À quoi ressemblait votre première fois de théâtre ?
Frédéric Maragnani : L’un des premiers grands moments dans mon rapport au théâtre a été la découverte du film Molière d’Ariane Mnouchkine. Je m’en souviens très bien : je devais avoir dix ans, ma mère s’occupait du ciné-club, c’est elle qui chargeait les bobines. J’avais regardé ce très long film et je m’étais dit : « J’ai envie de faire ça ! » J’avais envie de côtoyer ce que l’équipe de l’Illustre théâtre côtoyait. Le rapport à la scène, mais aussi le rapport au pouvoir qui l’accompagne. Ensuite, j’ai créé ma première mise en scène à vingt-quatre ans. C’était un texte de Goldoni, Barouf à Chioggia, que j’avais monté dans les villages de Nouvelle-Aquitaine, notamment dans le Lot-et-Garonne, avec beaucoup de gens dont c’était aussi la première fois et qui sont devenus professionnels ensuite, en tant que metteurs en scène ou en tant que directeurs de structures.

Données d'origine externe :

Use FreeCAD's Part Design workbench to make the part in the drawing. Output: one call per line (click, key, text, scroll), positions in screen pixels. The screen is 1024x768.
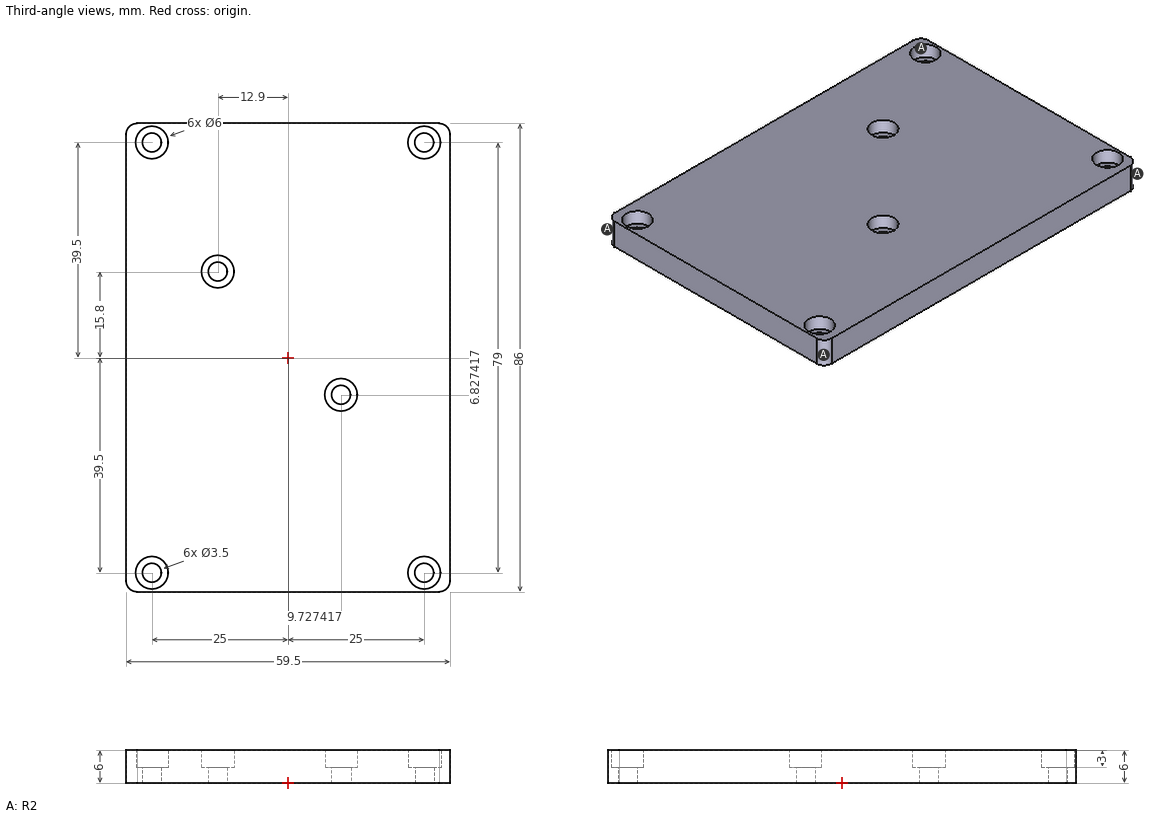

Contrairement à ce que le titre peut laisser penser, ce n’est pas seulement un festival dédié aux premières créations…
Frédéric Maragnani : J’ai pas mal travaillé sur la jeune création, et j’y travaille toujours. Je n’avais pas de cadre quand j’ai commencé à faire du théâtre. En tant que directeur, que ce soit à la Manufacture à Bordeaux ou au Théâtre de Chelles, j’ai toujours aimé travailler à donner des points d’appui ou des relais à celles et ceux qui débutent. Premières fois englobe bien sûr la jeune création — par exemple Gloria Gloria, le premier texte Marco Caramès Blanco — mais va plus loin. Aujourd’hui, plusieurs générations d’artistes coexistent. Des gens extrêmement jeunes et des gens qui ont le triple de leur âge. Tout le monde n’a pas forcément envie de faire la même chose pendant toute leur vie professionnelle. C’est vrai partout, et aussi chez les artistes. La formation qu’on a pu recevoir — comédien ou marionnettiste, par exemple — ne détermine pas forcément ce que l’on va faire pendant toute sa vie d’artiste. J’ai souvent été à l’écoute de metteurs en scène qui me partageaient leur envie de jouer, ou d’actrices qui me disaient vouloir créer leur premier seul-en-scène, et cela, quel que soit leur âge. Il y avait donc quelque chose à travailler du côté du premier geste artistique. Mettre en avant l’inédit. Ça rejoint aussi les questions de monde amateur et de monde professionnel. Par exemple, demain, on reçoit Amours (2) de Joël Pommerat. La pièce est née de textes écrits avec les détenus de la maison d’arrêt d’Arles, et certains d’entre eux, ayant purgé leur peine, sont devenus acteurs dans le spectacle. Idem pour le Portrait dansé présenté en première partie d’Il n’y a pas de Ajar. Paul Molina est un freestyleur de ballon, sa vocation première n’est pas de monter sur scène. Si on le lui avait dit il y a cinq ans qu’il aurait un spectacle chorégraphique à son nom, je ne suis pas sûr qu’il y aurait cru. Les premières fois ont une qualité particulière. L’idée du festival est donc d’ouvrir des espaces pour ces gestes inédits, d’autoriser la mise en risque des artistes et de proposer des aventures singulières au public.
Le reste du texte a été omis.